[Dataset records]
=-=-=

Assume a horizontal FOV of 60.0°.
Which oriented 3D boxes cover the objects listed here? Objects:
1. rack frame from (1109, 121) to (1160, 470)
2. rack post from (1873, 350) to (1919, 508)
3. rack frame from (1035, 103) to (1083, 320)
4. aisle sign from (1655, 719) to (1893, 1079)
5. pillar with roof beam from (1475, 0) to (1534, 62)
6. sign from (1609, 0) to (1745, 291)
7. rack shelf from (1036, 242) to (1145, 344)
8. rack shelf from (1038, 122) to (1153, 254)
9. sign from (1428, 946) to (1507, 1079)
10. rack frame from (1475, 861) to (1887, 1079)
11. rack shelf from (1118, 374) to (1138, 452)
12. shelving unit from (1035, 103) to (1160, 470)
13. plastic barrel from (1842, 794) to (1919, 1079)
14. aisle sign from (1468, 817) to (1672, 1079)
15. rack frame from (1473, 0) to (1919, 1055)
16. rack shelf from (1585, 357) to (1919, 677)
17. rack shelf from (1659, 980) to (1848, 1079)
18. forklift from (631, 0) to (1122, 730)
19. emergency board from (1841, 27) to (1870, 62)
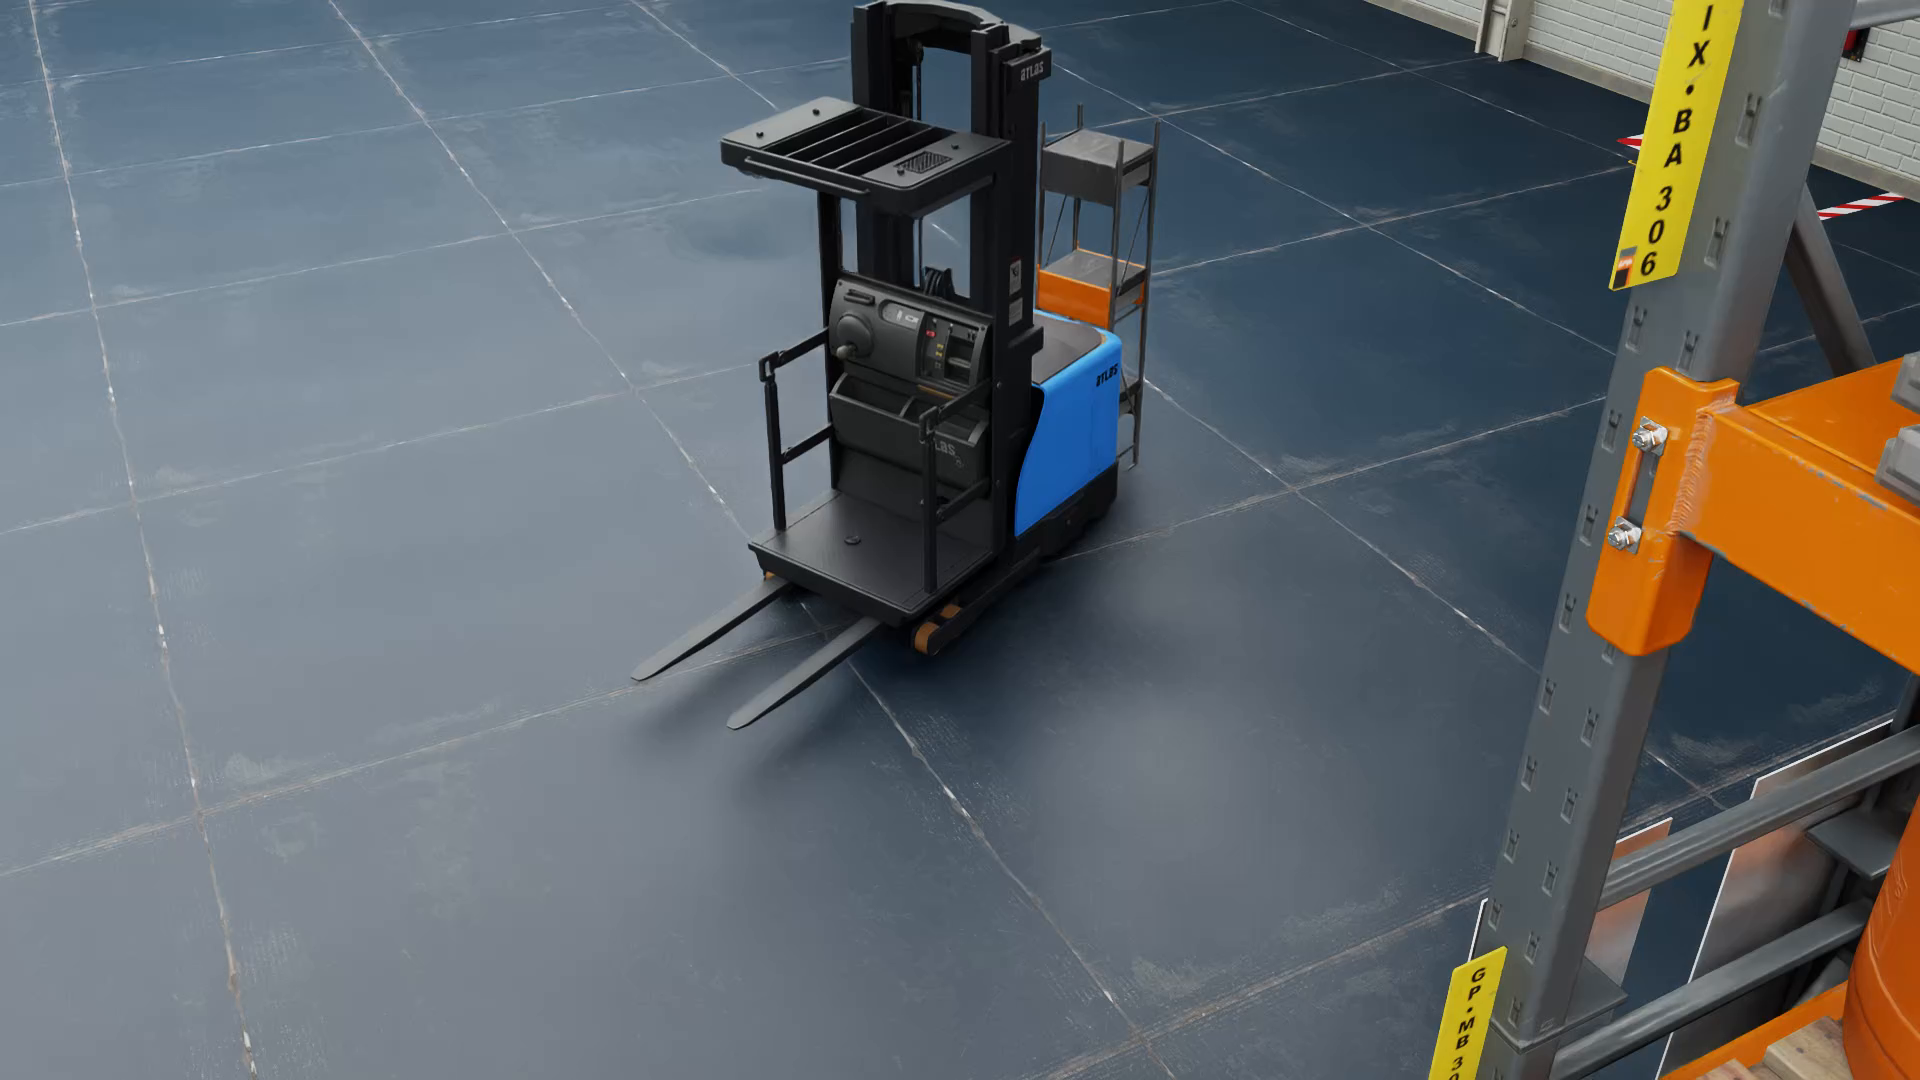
[{"bbox_3d":[0.940,-1.256,9.265,0.015,2.100,0.400,22,39,30],"label":"rack frame"},{"bbox_3d":[1.489,-0.045,1.442,0.937,0.300,0.954,-12,35,-18],"label":"rack post"},{"bbox_3d":[0.548,-1.413,9.509,0.015,2.100,0.400,22,39,30],"label":"rack frame"},{"bbox_3d":[1.478,0.674,3.007,0.394,0.787,0.004,-16,36,-23],"label":"aisle sign"},{"bbox_3d":[1.701,-7.668,12.876,9.100,9.000,0.400,-16,36,-23],"label":"pillar with roof beam"},{"bbox_3d":[0.760,-0.424,1.764,0.100,0.325,0.005,-16,36,-23],"label":"sign"},{"bbox_3d":[0.744,-1.323,9.394,0.480,0.518,0.431,22,39,30],"label":"rack shelf"},{"bbox_3d":[0.744,-1.912,9.016,0.480,0.518,0.431,22,39,30],"label":"rack shelf"},{"bbox_3d":[0.760,0.747,2.514,0.100,0.325,0.005,-16,36,-23],"label":"sign"},{"bbox_3d":[1.249,1.878,3.539,1.000,3.000,0.127,-16,36,-23],"label":"rack frame"},{"bbox_3d":[0.744,-0.734,9.772,0.480,0.518,0.431,22,39,30],"label":"rack shelf"},{"bbox_3d":[0.744,-1.335,9.387,0.503,2.100,0.431,22,39,30],"label":"shelving unit"},{"bbox_3d":[1.588,0.457,2.188,0.600,0.830,0.708,-16,36,-23],"label":"plastic barrel"},{"bbox_3d":[0.956,0.822,2.776,0.394,0.787,0.004,-16,36,-23],"label":"aisle sign"},{"bbox_3d":[1.249,-0.648,1.920,1.000,3.000,0.127,-16,36,-23],"label":"rack frame"},{"bbox_3d":[2.181,0.777,0.732,1.077,0.370,4.000,-16,36,-23],"label":"rack shelf"},{"bbox_3d":[2.181,1.872,1.434,1.077,0.370,4.000,-16,36,-23],"label":"rack shelf"},{"bbox_3d":[-0.384,-0.953,8.021,1.130,2.935,3.031,22,39,30],"label":"forklift"},{"bbox_3d":[7.189,-4.550,13.571,0.194,1.169,0.643,-16,36,-23],"label":"emergency board"}]

=-=-=

Exercise
Retype exactly, and only, the lines above from the one where "9. sign from (1428, 946) to (1507, 1079)" occurs up to and including the one where "18. forklift from (631, 0) to (1122, 730)" occurs.

Result for this task
9. sign from (1428, 946) to (1507, 1079)
10. rack frame from (1475, 861) to (1887, 1079)
11. rack shelf from (1118, 374) to (1138, 452)
12. shelving unit from (1035, 103) to (1160, 470)
13. plastic barrel from (1842, 794) to (1919, 1079)
14. aisle sign from (1468, 817) to (1672, 1079)
15. rack frame from (1473, 0) to (1919, 1055)
16. rack shelf from (1585, 357) to (1919, 677)
17. rack shelf from (1659, 980) to (1848, 1079)
18. forklift from (631, 0) to (1122, 730)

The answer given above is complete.